Bristol-Myers Squibb, Pharmaceutical Research Institute, Cellular and Molecular Biology Department [P. N. F., S. J. M., S. L. G., D. C., J. P. B., C. B. S.], and Experimental Therapeutics, Wallingford, Connecticut 06492

¹ To whom requests for reprints should be addressed, at Bristol-Myers Squibb Pharmaceutical Research Institute, Molecular Immunology Department, 3005 First Avenue, Seattle, WA 98121.

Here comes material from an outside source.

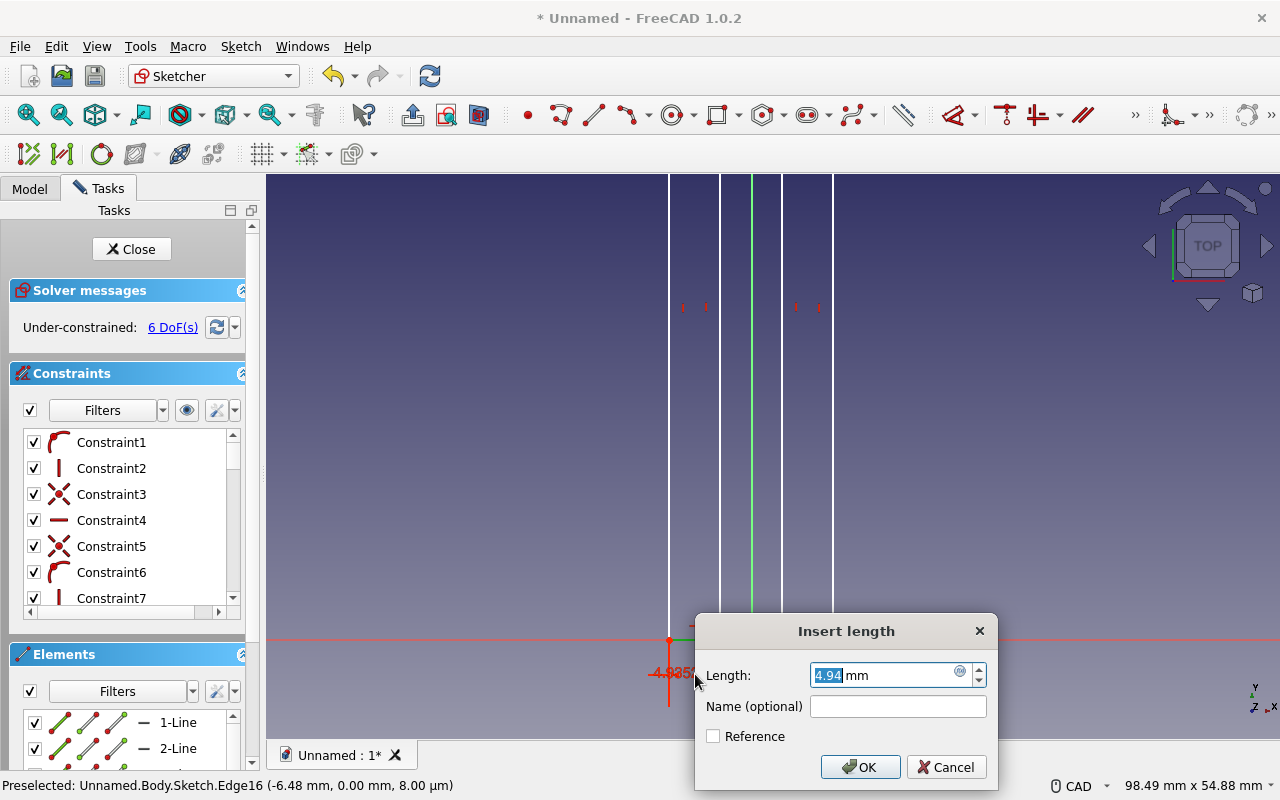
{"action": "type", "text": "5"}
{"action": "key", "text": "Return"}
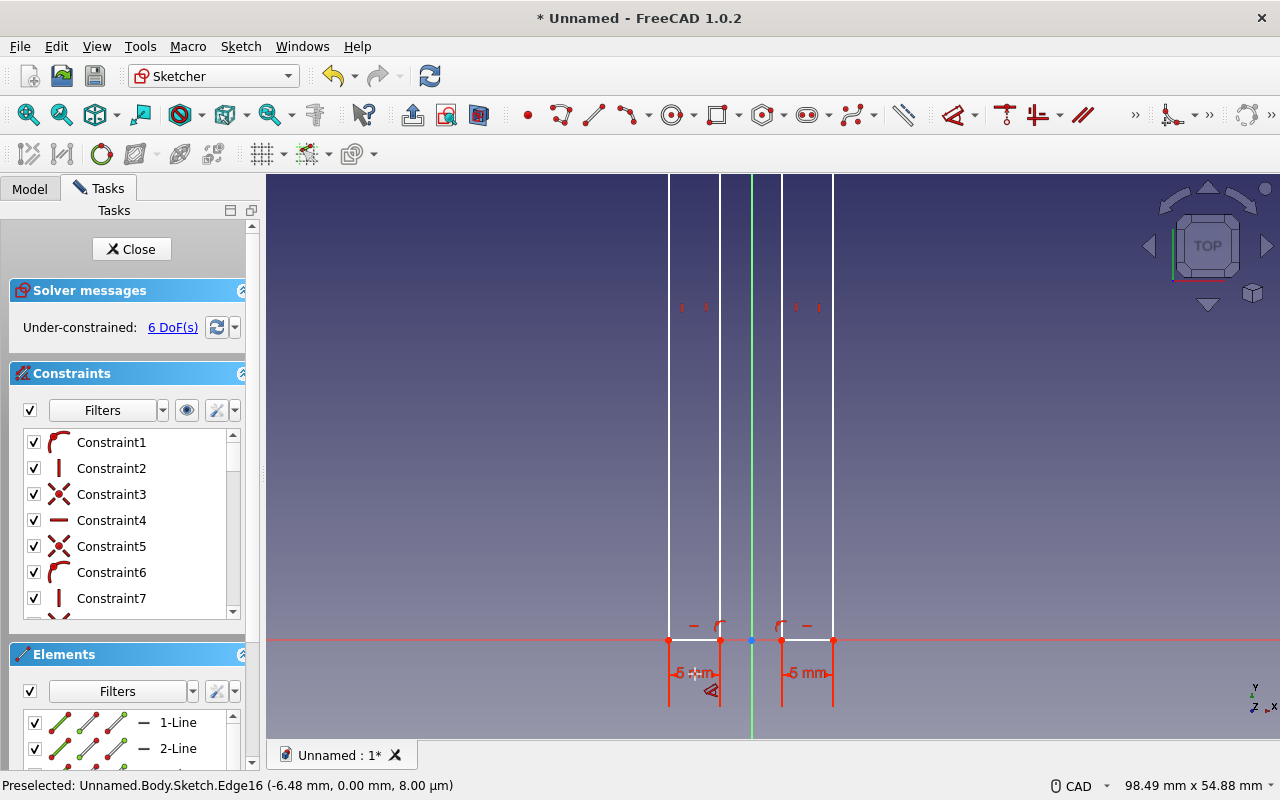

We have constructed a single-chain immunotoxin composed of the carcinoma-reactive antibody BR96 and a truncated form of Pseudomonas exotoxin. The chimeric molecule, BR96 sFv-PE40, was expressed in Escherichia coli and localized to the inclusion bodies. We purified and identified two species of BR96 sFv-PE40, monomers and aggregates. The monomeric form was able to bind well to the BR96 antigen, a Lewis^y-related antigen, while the aggregate was not. The binding affinity of the monomeric recombinant immunotoxin was 5-fold less than intact BR96 IgG, and its specificity for the BR96 antigen was confirmed by competition analysis. Monomeric BR96 sFv-PE40 was found to be extremely cytotoxic against cancer cells displaying the BR96 antigen. The cytotoxicity of the fusion protein correlates directly with antigen density on the tumor cell lines tested. The breast carcinoma cell line MCF-7, which has the highest density of BR96 antigen, was the most sensitive to BR96 sFv-PE40, with a concentration producing 50% protein synthesis inhibition of 5 pM. BR96 sFv-PE40 was found to have a t in serum of 28.5 min in athymic mice, compared to that of the chemical conjugate, chiBR96-LysPE40, which was 54 min. These data indicate that the single-chain immunotoxin BR96 sFv-PE40 is a potent inhibitor of protein synthesis in target cell lines and may be an effective agent for the treatment of cancer.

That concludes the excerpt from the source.